La situazione conservativa delle decorazioni è preoccupante: molti
modellati si presentano disgregati ed instabili. Infatti, a dipendenza
dell‘esposizione alle intemperie (acqua meteorica, sole,..) questi stucchi,
a base di calce, hanno subito un degrado differenziato. A questo
degrado naturale si aggiungono la costruzione dell‘edificio (il tetto e i
canali di scolo) e le tecniche di realizzazione degli stucchi (forse non
molto accurate) che hanno permesso ai fenomeni atmosferici di far
avanzare il degrado. Le osservazioni macroscopiche dei materiali e dei
fenomeni di degrado presenti sono stati documentati tramite una
mappatura.
Dalle osservazioni macroscopiche in situ si è osservata una stratigrafia
composta da una malta di corpo, utilizzata come base dello stucco, uno
strato di rifinitura e la presenza di una tinta di colore giallo chiaro. Da
questa analisi si sono potuti osservare anche alcuni elementi di
sostegno interni come laterizi, fili, chiodi e barre di ferro. Grazie alle
analisi in laboratorio (microscopia ottica, microchimica e spettroscopia
FTIR) è emerso che gli impasti sono composti da calce (legante) e
sabbia di fiume (inerti) mentre la tinta è un sottile strato di calce
pigmentata principalmente con ocra gialla. Inoltre si è potuto osservare
il fenomeno della solfatazione in un piccolo campione di scialbo
prelevato da una zona protetta dalle intemperie.
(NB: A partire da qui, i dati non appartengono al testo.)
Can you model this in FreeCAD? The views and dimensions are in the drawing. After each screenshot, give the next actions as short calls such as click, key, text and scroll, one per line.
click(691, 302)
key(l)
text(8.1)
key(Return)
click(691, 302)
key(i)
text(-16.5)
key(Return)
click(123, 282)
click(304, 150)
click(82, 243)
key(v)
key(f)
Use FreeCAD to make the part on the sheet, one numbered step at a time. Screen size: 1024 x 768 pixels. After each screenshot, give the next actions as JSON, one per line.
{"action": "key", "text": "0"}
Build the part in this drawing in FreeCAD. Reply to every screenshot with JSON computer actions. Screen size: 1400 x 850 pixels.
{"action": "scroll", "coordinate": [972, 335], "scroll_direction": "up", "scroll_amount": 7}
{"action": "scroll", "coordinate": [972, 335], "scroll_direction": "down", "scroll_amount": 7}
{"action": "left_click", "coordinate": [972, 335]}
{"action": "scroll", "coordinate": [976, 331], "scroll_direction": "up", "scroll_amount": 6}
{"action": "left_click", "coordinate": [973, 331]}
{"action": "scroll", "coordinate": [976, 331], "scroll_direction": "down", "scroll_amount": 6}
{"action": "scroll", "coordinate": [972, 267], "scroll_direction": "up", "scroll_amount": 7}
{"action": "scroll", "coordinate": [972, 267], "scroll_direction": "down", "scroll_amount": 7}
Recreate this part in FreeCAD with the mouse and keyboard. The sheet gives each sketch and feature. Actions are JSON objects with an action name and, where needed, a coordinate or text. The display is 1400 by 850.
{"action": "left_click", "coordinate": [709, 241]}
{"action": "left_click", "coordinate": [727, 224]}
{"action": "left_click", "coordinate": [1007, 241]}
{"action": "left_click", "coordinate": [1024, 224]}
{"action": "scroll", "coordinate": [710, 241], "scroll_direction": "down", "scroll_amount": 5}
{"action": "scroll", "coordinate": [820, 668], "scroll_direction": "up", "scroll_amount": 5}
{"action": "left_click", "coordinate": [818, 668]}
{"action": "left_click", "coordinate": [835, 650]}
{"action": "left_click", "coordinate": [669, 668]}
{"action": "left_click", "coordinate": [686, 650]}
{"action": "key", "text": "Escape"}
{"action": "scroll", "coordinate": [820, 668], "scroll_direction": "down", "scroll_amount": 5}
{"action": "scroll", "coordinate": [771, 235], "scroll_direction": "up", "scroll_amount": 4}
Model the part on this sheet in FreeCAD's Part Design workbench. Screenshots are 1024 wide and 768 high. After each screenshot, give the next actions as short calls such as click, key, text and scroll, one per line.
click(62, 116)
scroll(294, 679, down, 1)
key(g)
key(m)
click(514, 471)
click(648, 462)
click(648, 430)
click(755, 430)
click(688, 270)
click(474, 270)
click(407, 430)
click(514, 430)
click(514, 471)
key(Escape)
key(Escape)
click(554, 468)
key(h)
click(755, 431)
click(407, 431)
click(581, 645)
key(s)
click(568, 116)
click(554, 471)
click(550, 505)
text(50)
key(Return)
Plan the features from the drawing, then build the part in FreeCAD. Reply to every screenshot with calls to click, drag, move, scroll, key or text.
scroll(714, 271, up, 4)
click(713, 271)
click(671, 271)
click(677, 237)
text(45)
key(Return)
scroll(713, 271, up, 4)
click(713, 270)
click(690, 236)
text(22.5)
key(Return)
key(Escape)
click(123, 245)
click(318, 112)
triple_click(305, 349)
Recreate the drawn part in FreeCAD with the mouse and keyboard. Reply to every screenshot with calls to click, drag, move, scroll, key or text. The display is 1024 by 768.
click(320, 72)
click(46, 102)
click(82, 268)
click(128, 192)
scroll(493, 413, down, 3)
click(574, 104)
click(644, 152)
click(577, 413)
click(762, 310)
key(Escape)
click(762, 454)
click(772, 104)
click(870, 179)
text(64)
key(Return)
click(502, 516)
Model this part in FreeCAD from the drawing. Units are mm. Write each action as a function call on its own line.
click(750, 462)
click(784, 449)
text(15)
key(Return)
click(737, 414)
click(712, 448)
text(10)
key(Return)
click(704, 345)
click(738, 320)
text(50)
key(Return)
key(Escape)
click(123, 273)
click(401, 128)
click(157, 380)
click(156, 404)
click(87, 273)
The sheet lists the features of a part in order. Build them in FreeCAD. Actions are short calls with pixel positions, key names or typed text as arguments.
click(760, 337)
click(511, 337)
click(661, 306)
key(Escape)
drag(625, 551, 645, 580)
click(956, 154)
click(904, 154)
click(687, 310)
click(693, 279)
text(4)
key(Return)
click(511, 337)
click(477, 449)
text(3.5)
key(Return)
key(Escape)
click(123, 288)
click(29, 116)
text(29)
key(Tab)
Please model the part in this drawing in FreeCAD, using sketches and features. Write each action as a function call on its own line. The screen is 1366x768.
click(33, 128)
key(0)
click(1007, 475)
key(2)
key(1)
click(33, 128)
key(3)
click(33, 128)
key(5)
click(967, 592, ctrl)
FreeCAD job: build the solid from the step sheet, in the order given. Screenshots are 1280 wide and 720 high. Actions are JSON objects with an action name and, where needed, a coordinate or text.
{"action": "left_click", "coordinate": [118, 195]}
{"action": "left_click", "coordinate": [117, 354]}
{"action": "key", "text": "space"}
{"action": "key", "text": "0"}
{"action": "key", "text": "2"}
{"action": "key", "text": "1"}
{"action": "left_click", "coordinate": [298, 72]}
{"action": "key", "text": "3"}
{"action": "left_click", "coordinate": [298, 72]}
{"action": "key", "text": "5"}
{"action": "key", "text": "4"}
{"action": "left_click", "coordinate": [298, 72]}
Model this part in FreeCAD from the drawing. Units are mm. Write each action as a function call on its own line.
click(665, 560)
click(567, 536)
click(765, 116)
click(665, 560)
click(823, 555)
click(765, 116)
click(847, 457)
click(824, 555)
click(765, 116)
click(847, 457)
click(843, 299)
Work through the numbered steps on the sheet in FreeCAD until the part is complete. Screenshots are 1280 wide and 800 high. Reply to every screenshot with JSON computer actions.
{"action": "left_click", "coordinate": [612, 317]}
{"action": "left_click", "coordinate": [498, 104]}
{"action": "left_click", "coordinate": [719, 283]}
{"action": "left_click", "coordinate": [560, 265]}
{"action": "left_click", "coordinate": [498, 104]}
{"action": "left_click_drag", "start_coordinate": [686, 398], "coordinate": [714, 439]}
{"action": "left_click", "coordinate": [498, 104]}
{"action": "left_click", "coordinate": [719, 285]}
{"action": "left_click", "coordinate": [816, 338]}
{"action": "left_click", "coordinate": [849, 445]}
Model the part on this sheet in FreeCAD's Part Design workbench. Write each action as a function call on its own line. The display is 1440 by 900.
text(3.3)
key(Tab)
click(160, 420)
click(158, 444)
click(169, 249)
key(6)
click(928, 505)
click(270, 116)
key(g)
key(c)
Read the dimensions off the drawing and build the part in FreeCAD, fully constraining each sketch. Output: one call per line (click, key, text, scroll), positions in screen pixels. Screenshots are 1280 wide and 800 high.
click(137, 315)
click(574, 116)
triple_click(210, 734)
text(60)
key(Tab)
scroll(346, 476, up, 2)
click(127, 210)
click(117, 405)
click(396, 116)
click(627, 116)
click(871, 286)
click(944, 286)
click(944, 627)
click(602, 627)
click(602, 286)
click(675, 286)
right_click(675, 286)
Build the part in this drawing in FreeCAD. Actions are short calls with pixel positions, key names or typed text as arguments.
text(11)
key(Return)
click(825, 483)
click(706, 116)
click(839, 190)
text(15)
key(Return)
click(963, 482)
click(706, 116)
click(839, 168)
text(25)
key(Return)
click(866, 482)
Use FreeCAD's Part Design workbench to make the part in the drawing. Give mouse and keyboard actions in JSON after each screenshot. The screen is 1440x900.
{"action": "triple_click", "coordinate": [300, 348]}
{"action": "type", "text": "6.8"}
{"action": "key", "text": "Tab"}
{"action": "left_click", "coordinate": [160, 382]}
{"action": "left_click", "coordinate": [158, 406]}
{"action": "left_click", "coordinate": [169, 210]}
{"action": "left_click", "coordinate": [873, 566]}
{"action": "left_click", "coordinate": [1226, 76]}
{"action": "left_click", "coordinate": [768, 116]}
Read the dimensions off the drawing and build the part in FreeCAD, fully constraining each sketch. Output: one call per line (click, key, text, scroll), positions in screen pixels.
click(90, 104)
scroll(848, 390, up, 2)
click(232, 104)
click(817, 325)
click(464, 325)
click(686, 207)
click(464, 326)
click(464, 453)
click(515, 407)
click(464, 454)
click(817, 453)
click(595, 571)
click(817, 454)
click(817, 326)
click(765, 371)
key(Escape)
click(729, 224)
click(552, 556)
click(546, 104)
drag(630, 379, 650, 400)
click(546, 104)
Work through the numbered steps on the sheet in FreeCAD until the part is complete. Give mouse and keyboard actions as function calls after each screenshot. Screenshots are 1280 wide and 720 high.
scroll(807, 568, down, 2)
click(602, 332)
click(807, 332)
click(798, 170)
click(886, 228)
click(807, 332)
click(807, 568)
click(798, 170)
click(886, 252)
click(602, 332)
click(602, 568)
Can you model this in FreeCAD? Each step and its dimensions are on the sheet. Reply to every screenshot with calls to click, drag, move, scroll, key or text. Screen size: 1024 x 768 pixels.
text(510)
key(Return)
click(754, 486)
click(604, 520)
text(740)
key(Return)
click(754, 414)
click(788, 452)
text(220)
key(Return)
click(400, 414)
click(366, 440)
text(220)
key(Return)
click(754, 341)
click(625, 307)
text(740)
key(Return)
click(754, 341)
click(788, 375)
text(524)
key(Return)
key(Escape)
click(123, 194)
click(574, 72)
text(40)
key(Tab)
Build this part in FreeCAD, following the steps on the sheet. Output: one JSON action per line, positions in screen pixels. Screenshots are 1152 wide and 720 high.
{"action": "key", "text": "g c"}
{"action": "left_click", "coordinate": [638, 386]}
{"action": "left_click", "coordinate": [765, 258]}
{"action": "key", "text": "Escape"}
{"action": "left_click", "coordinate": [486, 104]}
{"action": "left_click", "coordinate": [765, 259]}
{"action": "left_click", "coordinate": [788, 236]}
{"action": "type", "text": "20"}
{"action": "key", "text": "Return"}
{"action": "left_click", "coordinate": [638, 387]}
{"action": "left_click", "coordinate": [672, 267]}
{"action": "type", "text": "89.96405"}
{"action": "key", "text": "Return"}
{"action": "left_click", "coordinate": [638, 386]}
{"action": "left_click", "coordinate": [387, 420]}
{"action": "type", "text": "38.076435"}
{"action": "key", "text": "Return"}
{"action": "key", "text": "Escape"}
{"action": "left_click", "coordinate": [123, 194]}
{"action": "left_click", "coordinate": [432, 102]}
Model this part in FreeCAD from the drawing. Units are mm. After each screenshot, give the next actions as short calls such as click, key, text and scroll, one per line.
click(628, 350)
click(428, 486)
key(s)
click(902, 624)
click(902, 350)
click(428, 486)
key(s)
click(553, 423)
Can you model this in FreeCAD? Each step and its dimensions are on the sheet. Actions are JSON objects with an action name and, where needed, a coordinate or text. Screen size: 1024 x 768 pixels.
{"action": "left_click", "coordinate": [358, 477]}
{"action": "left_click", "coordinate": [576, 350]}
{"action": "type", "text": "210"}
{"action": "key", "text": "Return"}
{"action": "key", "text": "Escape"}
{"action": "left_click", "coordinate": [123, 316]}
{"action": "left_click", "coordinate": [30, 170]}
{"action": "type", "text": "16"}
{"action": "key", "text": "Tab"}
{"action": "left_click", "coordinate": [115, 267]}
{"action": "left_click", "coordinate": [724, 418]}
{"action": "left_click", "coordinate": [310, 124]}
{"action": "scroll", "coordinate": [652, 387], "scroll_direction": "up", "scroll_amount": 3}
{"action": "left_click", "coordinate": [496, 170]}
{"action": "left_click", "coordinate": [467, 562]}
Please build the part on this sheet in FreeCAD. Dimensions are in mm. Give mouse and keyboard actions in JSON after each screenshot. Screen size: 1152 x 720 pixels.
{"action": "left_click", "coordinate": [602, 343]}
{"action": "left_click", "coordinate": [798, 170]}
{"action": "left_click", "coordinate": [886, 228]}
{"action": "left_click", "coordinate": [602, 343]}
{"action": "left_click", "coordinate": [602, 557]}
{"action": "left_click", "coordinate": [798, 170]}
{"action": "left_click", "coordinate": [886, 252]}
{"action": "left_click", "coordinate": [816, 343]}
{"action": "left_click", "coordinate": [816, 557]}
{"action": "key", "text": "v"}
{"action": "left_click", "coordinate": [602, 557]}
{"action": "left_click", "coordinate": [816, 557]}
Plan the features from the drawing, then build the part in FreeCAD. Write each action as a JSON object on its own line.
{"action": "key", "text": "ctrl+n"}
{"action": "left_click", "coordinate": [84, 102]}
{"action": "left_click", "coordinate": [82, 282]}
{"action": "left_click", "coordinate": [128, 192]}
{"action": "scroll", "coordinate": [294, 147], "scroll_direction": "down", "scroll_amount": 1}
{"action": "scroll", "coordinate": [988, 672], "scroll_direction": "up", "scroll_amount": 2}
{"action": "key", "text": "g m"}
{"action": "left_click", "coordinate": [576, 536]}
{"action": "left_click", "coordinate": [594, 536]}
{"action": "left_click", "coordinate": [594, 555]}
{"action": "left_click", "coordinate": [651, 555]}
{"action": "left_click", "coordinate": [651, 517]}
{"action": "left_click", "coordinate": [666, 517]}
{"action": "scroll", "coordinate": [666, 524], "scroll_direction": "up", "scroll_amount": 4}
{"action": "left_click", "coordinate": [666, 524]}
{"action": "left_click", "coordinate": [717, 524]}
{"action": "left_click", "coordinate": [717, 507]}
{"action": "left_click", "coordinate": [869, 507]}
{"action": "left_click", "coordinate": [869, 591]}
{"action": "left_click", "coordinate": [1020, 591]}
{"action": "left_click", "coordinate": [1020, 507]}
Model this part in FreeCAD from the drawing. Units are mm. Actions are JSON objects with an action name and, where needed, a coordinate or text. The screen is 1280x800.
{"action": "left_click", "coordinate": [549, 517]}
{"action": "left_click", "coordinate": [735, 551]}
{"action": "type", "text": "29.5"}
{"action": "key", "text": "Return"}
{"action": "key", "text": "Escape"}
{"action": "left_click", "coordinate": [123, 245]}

Sempre da queste
osservazioni si è potuta confermare la presenza di un estere silicio
(silicato d‘etile) nella zona superficiale degli stucchi. In un articolo
redatto dal restauratore Luigi Gianola, che ha effettuato l‘intervento
sugli stucchi negli anni Settanta, si parlava, in effetti, di
un'impregnazione con queste sostanze effettuata per la prima volta in
Canton Ticino.
La ricerca ha voluto mettere in luce soluzioni atte alla protezione e alla
valorizzazione di questi stucchi. In particolare si è consigliato di deviare
il più possibile le acque piovane tramite un intervento al tetto e la
creazione di idonei canali di scolo. Per un intervento diretto invece sulla
superficie si è consigliato di utilizzare, in un ipotetico restauro, materiali
compatibili con le parti originali che riescano a mettere in sicurezza le
zone critiche. Si è menzionato, inoltre, di effettuare una manutenzione
costante sull’edificio nel corso nel tempo. Questo permetterebbe di
salvare e valorizzare le decorazioni in stucco esterne che risultano
essere un caso unico e particolare nella zona del Sottoceneri.